Tests Anasazi_Epetra_ModalSolversTester_MPI_4 and Anasazi_Epetra_OrthoManagerGenTester_[0,1]_MPI_4 failing in 'debug' builds on white/ride
Created by: bartlettroscoe
CC: @trilinos/anasazi, @mhoemmen
Next Action Status
PR #2621 merged on 4/24/2018 that re-enables the tests Anasazi_Epetra_ModalSolversTester_MPI_4
and Anasazi_Epetra_OrthoManagerGenTester_[0,1]_MPI_4
. Tests ran and passed in all promoted ATDM Trilinos builds between 5/20/2018 and 6/7/2018.
Description
The tests:
Anasazi_Epetra_ModalSolversTester_MPI_4
Anasazi_Epetra_OrthoManagerGenTester_0_MPI_4
Anasazi_Epetra_OrthoManagerGenTester_1_MPI_4
failed in Trilinos-atdm-hansen-shiller-cuda-debug
build on 'ride' as shown at:
- https://testing-vm.sandia.gov/cdash/index.php?project=Trilinos&parentid=3398198
- https://testing-vm.sandia.gov/cdash/viewTest.php?onlyfailed&buildid=3398699
This build is targeted to be an auto PR build for Trilinos (see #2464 (closed)) so we desire to clean up this build more quickly.

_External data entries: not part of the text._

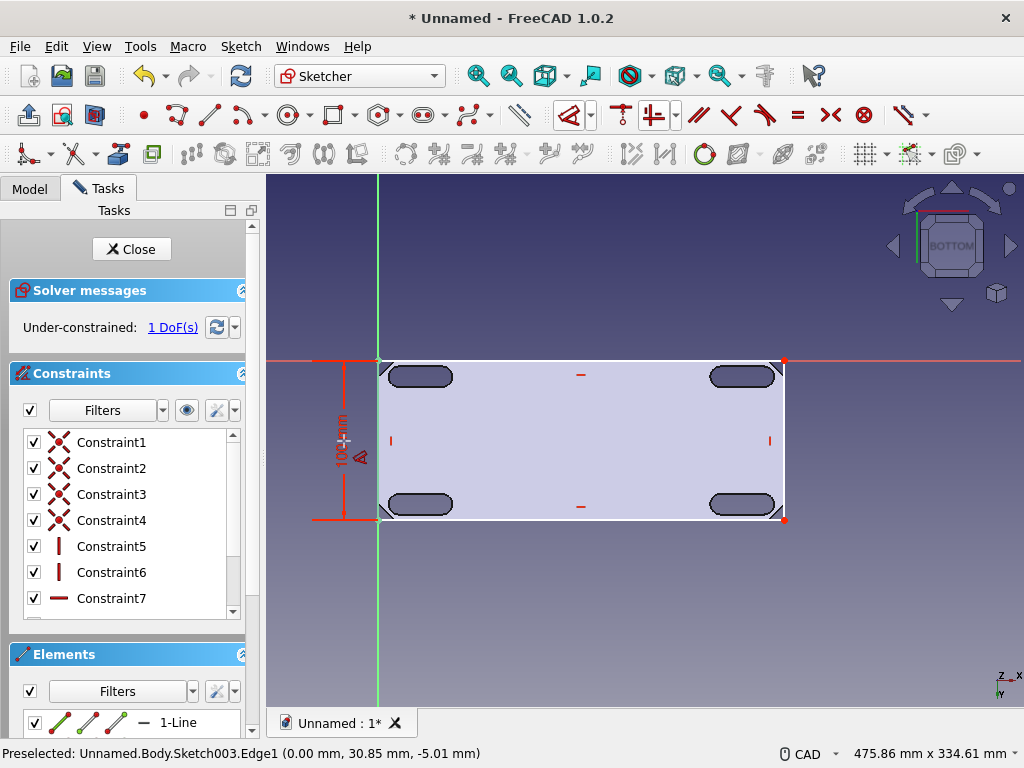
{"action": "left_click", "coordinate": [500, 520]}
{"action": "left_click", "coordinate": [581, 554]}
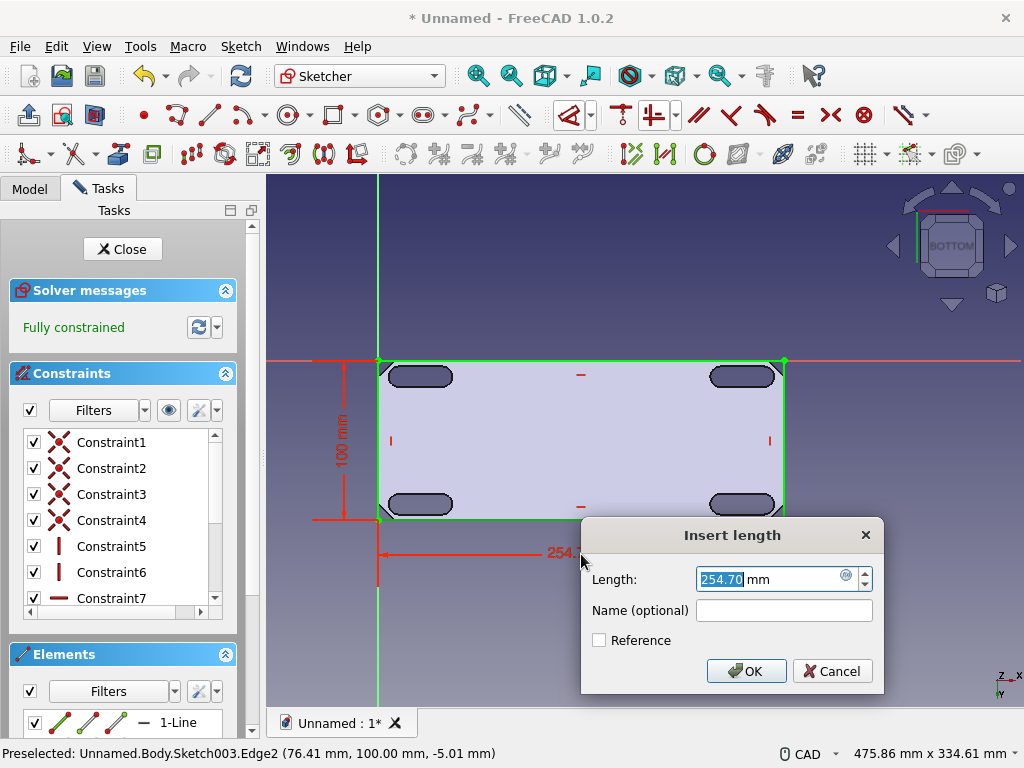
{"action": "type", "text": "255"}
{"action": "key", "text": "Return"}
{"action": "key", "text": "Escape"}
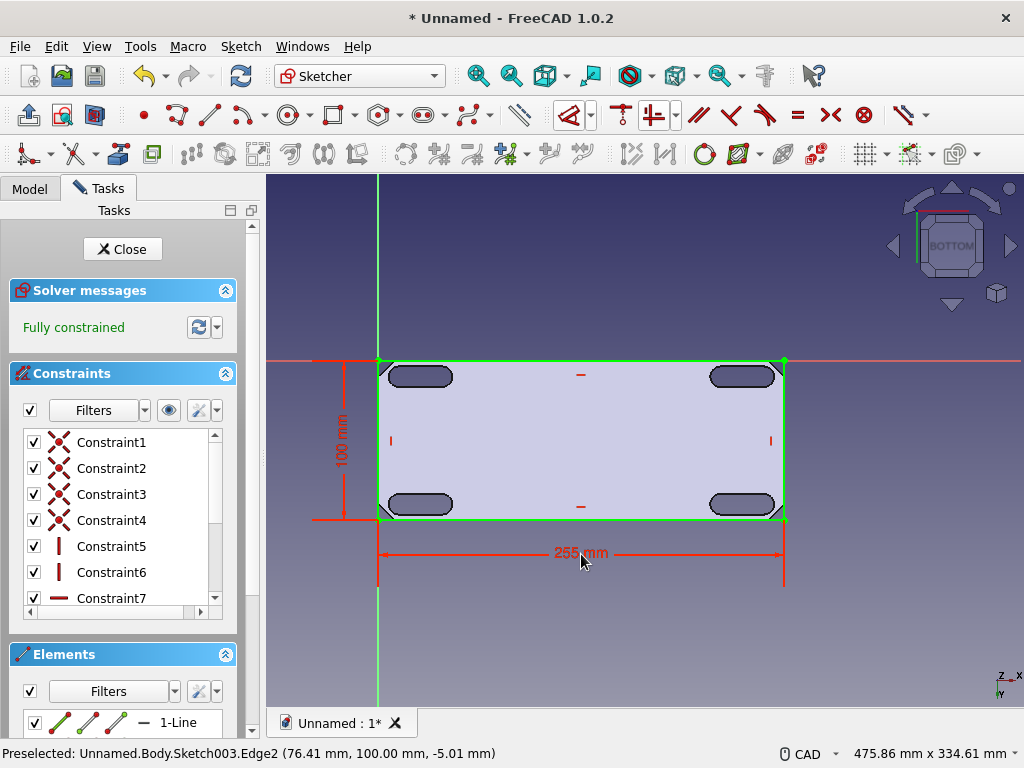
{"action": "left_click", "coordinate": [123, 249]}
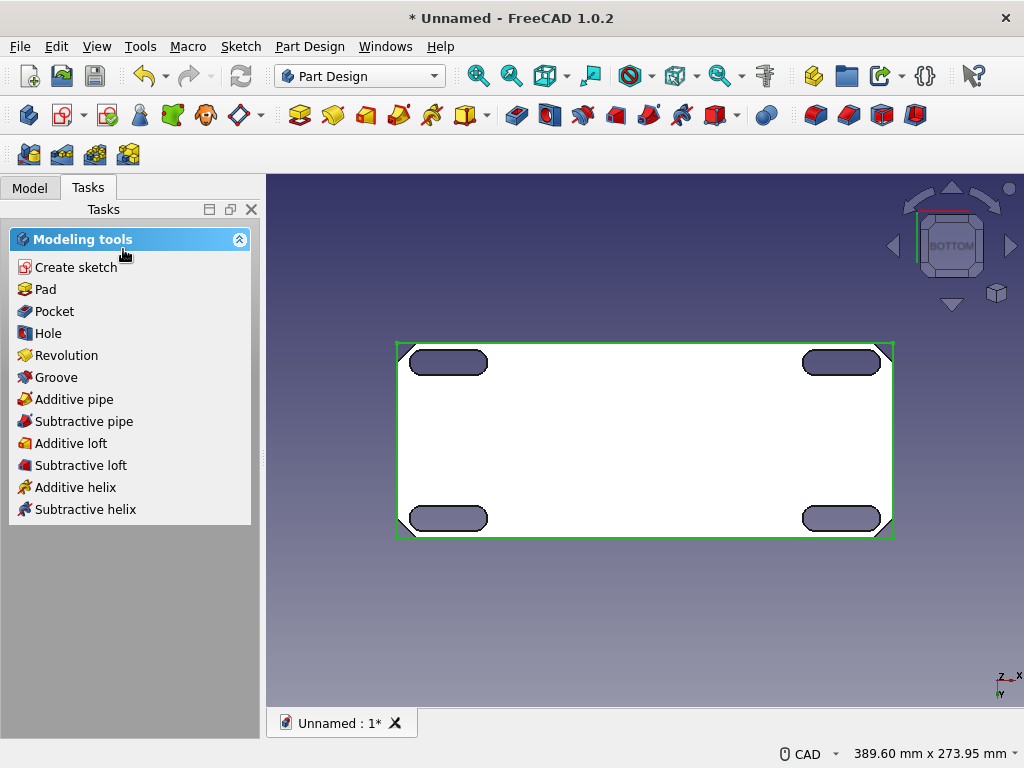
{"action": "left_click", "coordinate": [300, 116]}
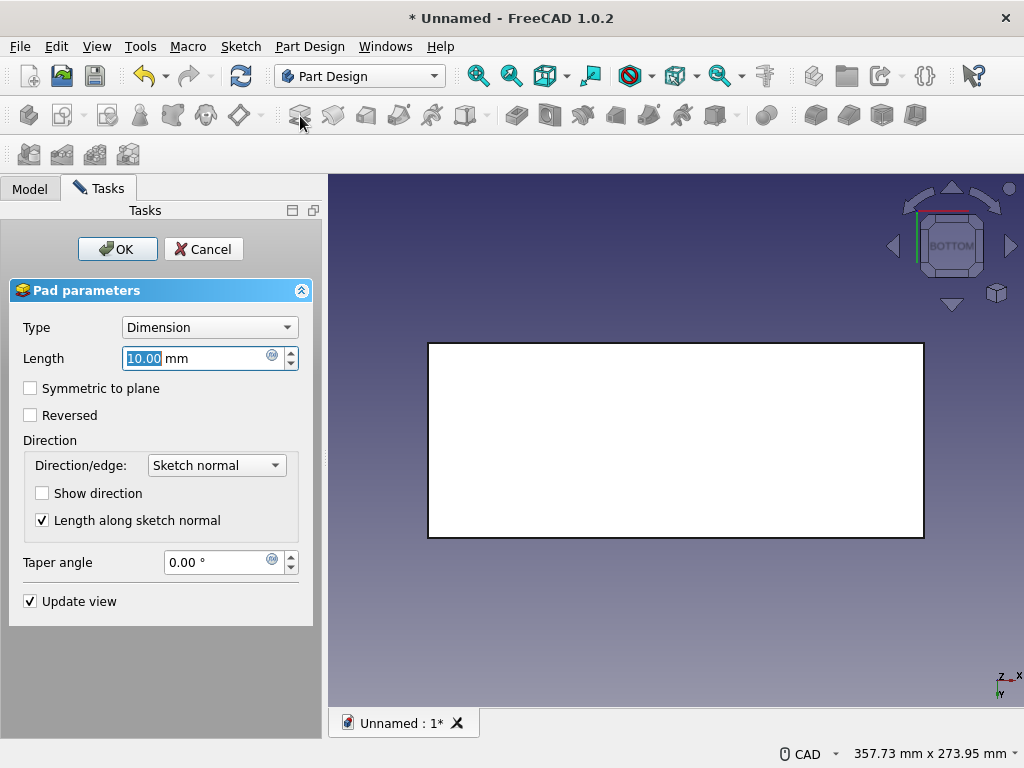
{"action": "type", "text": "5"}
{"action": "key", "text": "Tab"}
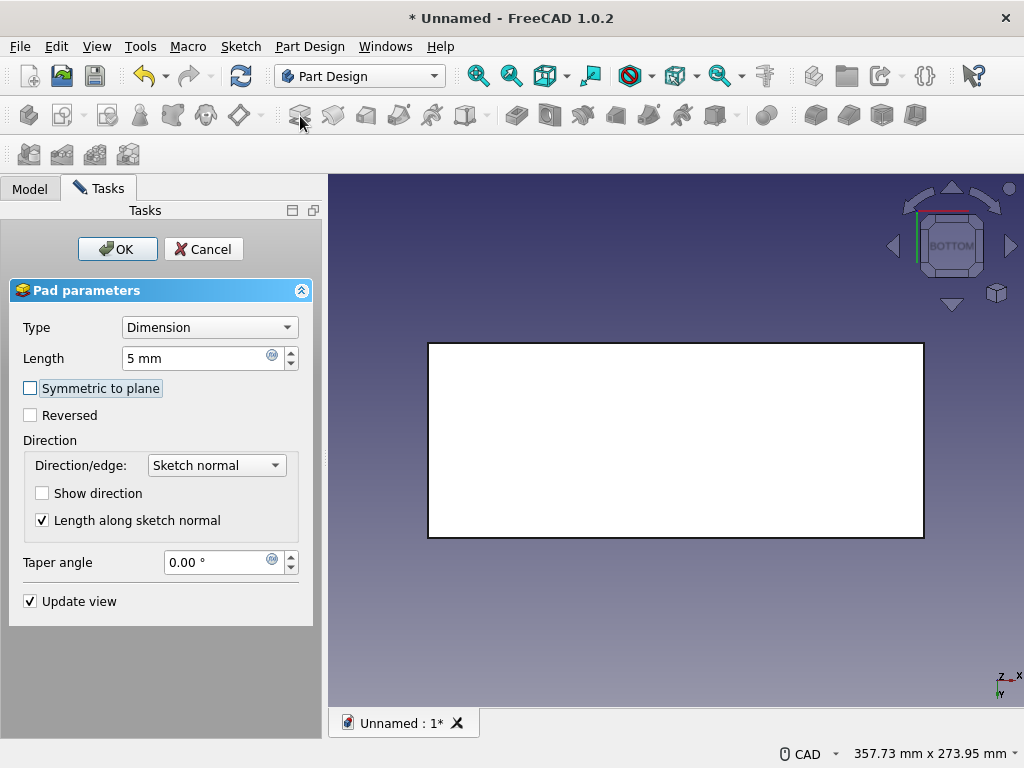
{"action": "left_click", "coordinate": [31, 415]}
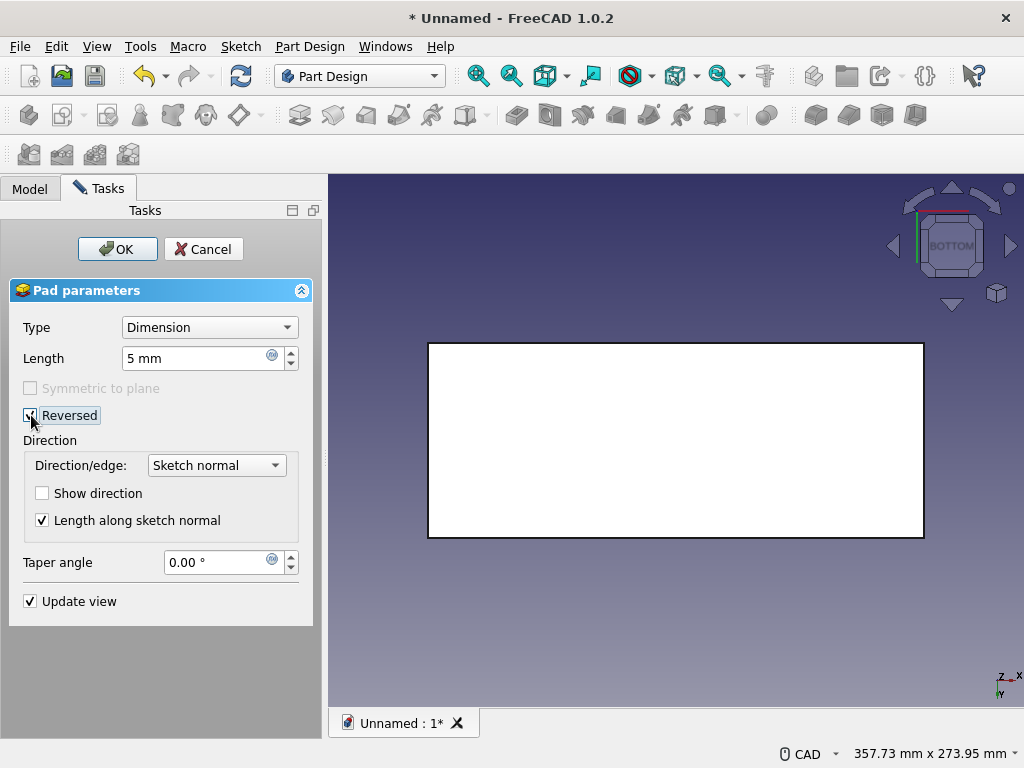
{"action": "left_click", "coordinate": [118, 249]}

Intrestingly, these tests did not fail in what should be the idential Trilinos-atdm-hansen-shiller-cuda-debug
build on the identical machine 'white' as shown at:
- https://testing-vm.sandia.gov/cdash/index.php?project=Trilinos&parentid=3398098
- https://testing-vm.sandia.gov/cdash/viewTest.php?buildid=3398630
Strangely, those tests did fail on Trilinos-atdm-hansen-shiller-cuda-debug
build on 'white' yestrday shown at:
A) Anasazi_Epetra_ModalSolversTester_MPI_4:
Test failing test Anasazi_Epetra_ModalSolversTester_MPI_4
today with details shown at:
showed the failure:
************* Householder Apply Test *************
orthonorm error of V: 7.08978e-16
orthonorm error of VQ: 0.375867
ERROR: V*Q failed.
orthonorm error of applyHouse: 0.375867
ERROR: applyHouse failed.
error(VQ - house(V,H,tau): 2.64481e-16
************* DirectSolver Test *************
Looking at all of the builds today that ran that test shown at:
this test fails in the same way (i.e. a numerical problem) on the builds Linux-gcc-4.8.4-MPI_RELEASE_12.12.1
and Linux-gcc-4.8.4-MPI_RELEASE_12.12.1_SHARED
on the machine hansel.sandia.gov
so this problem is not isolated to ATDM builds of Trilinos.
Also note that this test failed for the ATDM builds Trilinos-atdm-white-ride-gnu-opt-openmp
and Trilinos-atdm-white-ride-gnu-opt-openmp
with segfaults, but that is already being addressed by #2454 (closed) and is likely unrelated.
B) Anasazi_Epetra_OrthoManagerGenTester_0_MPI_4:
The failing test Anasazi_Epetra_OrthoManagerGenTester_0_MPI_4
today with details shown at:
showed:
Anasazi in Trilinos 12.13 (Dev)
Generating Y1,Y2 for project() : testing...
|| <Y1,Y1> - I || : 6.47718e-16
|| <Y2,Y2> - I || : 7.20309e-16
|| <X1,Y2> || : 1.64775e-16
|| <X1b,Y2> || : 6.9984e-15
p=3: *** Caught standard std::exception of type 'std::runtime_error' :
/home/jenkins/ride/workspace/Trilinos-atdm-white-ride-cuda-debug/SRC_AND_BUILD/Trilinos/packages/anasazi/epetra/test/OrthoManager/cxx_gentest.cpp:274:
Throw number = 1
Throw test that evaluated to true: err > TOL
New X1 did not meet tolerance: orthog(X1,Y2) == 0.547032
Looking at all of the builds today that ran that test shown at:
you can see that this test also failed in a similar (numerical) way in the builds Linux-gcc-4.9.3-Sierra_MPI_release_DEV_ETI_SERIAL-ON_OPENMP-ON_PTHREAD-OFF_CUDA-OFF_COMPLEX-ON
and Linux-GCC-4.9.3-openmpi-1.8.7_Debug_DEV_Werror
so it looks like this problem is not isolated to ATDM builds of Trilinos. Note that one of those is a "Sierra' build of Trilinos.